=== The records ===
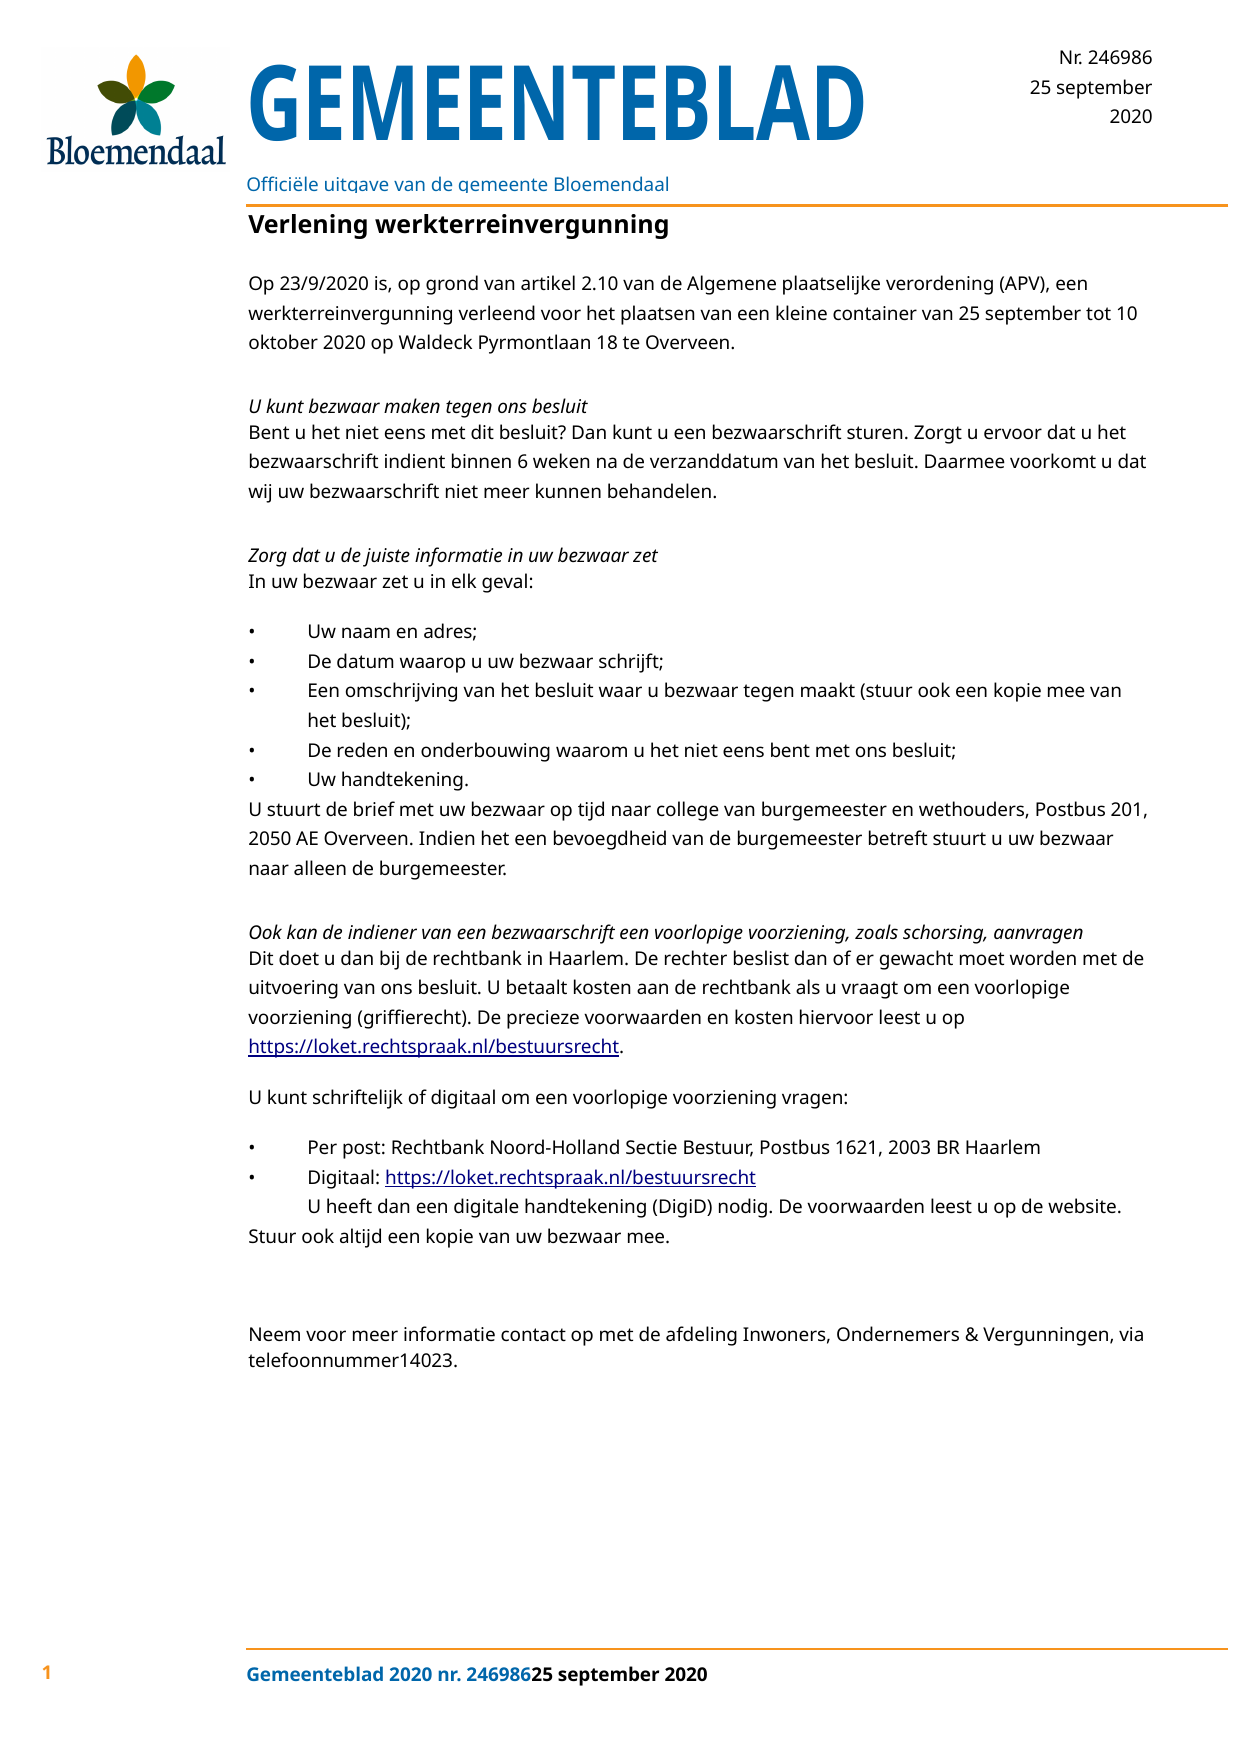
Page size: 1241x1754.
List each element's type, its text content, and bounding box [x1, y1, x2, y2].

text Neem voor meer informatie contact op met de afdeling Inwoners, Ondernemers & Vergunningen, via telefoonnummer14023. [248, 1321, 1152, 1373]
list De reden en onderbouwing waarom u het niet eens bent met ons besluit; [248, 737, 1152, 762]
list Een omschrijving van het besluit waar u bezwaar tegen maakt (stuur ook een kopie mee van het besluit); [248, 678, 1152, 733]
list Digitaal: https://loket.rechtspraak.nl/bestuursrecht [248, 1164, 1152, 1190]
text Op 23/9/2020 is, op grond van artikel 2.10 van de Algemene plaatselijke verordening (APV), een werkterreinvergunning verleend voor het plaatsen van een kleine container van 25 september tot 10 oktober 2020 op Waldeck Pyrmontlaan 18 te Overveen. [248, 270, 1152, 355]
list De datum waarop u uw bezwaar schrijft; [248, 648, 1152, 674]
text Bent u het niet eens met dit besluit? Dan kunt u een bezwaarschrift sturen. Zorgt u ervoor dat u het bezwaarschrift indient binnen 6 weken na de verzanddatum van het besluit. Daarmee voorkomt u dat wij uw bezwaarschrift niet meer kunnen behandelen. [248, 419, 1152, 504]
picture [41, 47, 231, 172]
text Ook kan de indiener van een bezwaarschrift een voorlopige voorziening, zoals schorsing, aanvragen [248, 919, 1152, 945]
text Verlening werkterreinvergunning [248, 207, 1152, 241]
list U heeft dan een digitale handtekening (DigiD) nodig. De voorwaarden leest u op de website. [248, 1193, 1152, 1219]
text Zorg dat u de juiste informatie in uw bezwaar zet [248, 542, 1152, 568]
text U stuurt de brief met uw bezwaar op tijd naar college van burgemeester en wethouders, Postbus 201, 2050 AE Overveen. Indien het een bevoegdheid van de burgemeester betreft stuurt u uw bezwaar naar alleen de burgemeester. [248, 796, 1152, 881]
text In uw bezwaar zet u in elk geval: [248, 568, 1152, 594]
list Uw handtekening. [248, 766, 1152, 792]
list Per post: Rechtbank Noord-Holland Sectie Bestuur, Postbus 1621, 2003 BR Haarlem [248, 1134, 1152, 1160]
text U kunt bezwaar maken tegen ons besluit [248, 393, 1152, 419]
list Uw naam en adres; [248, 618, 1152, 644]
text U kunt schriftelijk of digitaal om een voorlopige voorziening vragen: [248, 1084, 1152, 1110]
text Dit doet u dan bij de rechtbank in Haarlem. De rechter beslist dan of er gewacht moet worden met de uitvoering van ons besluit. U betaalt kosten aan de rechtbank als u vraagt om een voorlopige voorziening (griffierecht). De precieze voorwaarden en kosten hiervoor leest u op https://loket.rechtspraak.nl/bestuursrecht. [248, 945, 1152, 1059]
text Stuur ook altijd een kopie van uw bezwaar mee. [248, 1223, 1152, 1249]
===
- _What you will do_
Word for word, copy every line of the data, excluding any pictures.

- _Solution to the exercise_
Page size: 1241x1754.
List each element's type, its text content, and bounding box [x1, y1, x2, y2].

text Neem voor meer informatie contact op met de afdeling Inwoners, Ondernemers & Vergunningen, via telefoonnummer14023. [248, 1321, 1152, 1373]
list De reden en onderbouwing waarom u het niet eens bent met ons besluit; [248, 737, 1152, 762]
list Een omschrijving van het besluit waar u bezwaar tegen maakt (stuur ook een kopie mee van het besluit); [248, 678, 1152, 733]
list Digitaal: https://loket.rechtspraak.nl/bestuursrecht [248, 1164, 1152, 1190]
text Op 23/9/2020 is, op grond van artikel 2.10 van de Algemene plaatselijke verordening (APV), een werkterreinvergunning verleend voor het plaatsen van een kleine container van 25 september tot 10 oktober 2020 op Waldeck Pyrmontlaan 18 te Overveen. [248, 270, 1152, 355]
list De datum waarop u uw bezwaar schrijft; [248, 648, 1152, 674]
text Bent u het niet eens met dit besluit? Dan kunt u een bezwaarschrift sturen. Zorgt u ervoor dat u het bezwaarschrift indient binnen 6 weken na de verzanddatum van het besluit. Daarmee voorkomt u dat wij uw bezwaarschrift niet meer kunnen behandelen. [248, 419, 1152, 504]
picture [41, 47, 231, 172]
text Ook kan de indiener van een bezwaarschrift een voorlopige voorziening, zoals schorsing, aanvragen [248, 919, 1152, 945]
text Verlening werkterreinvergunning [248, 207, 1152, 241]
list U heeft dan een digitale handtekening (DigiD) nodig. De voorwaarden leest u op de website. [248, 1193, 1152, 1219]
text Zorg dat u de juiste informatie in uw bezwaar zet [248, 542, 1152, 568]
text U stuurt de brief met uw bezwaar op tijd naar college van burgemeester en wethouders, Postbus 201, 2050 AE Overveen. Indien het een bevoegdheid van de burgemeester betreft stuurt u uw bezwaar naar alleen de burgemeester. [248, 796, 1152, 881]
text In uw bezwaar zet u in elk geval: [248, 568, 1152, 594]
list Uw handtekening. [248, 766, 1152, 792]
list Per post: Rechtbank Noord-Holland Sectie Bestuur, Postbus 1621, 2003 BR Haarlem [248, 1134, 1152, 1160]
text U kunt bezwaar maken tegen ons besluit [248, 393, 1152, 419]
list Uw naam en adres; [248, 618, 1152, 644]
text U kunt schriftelijk of digitaal om een voorlopige voorziening vragen: [248, 1084, 1152, 1110]
text Dit doet u dan bij de rechtbank in Haarlem. De rechter beslist dan of er gewacht moet worden met de uitvoering van ons besluit. U betaalt kosten aan de rechtbank als u vraagt om een voorlopige voorziening (griffierecht). De precieze voorwaarden en kosten hiervoor leest u op https://loket.rechtspraak.nl/bestuursrecht. [248, 945, 1152, 1059]
text Stuur ook altijd een kopie van uw bezwaar mee. [248, 1223, 1152, 1249]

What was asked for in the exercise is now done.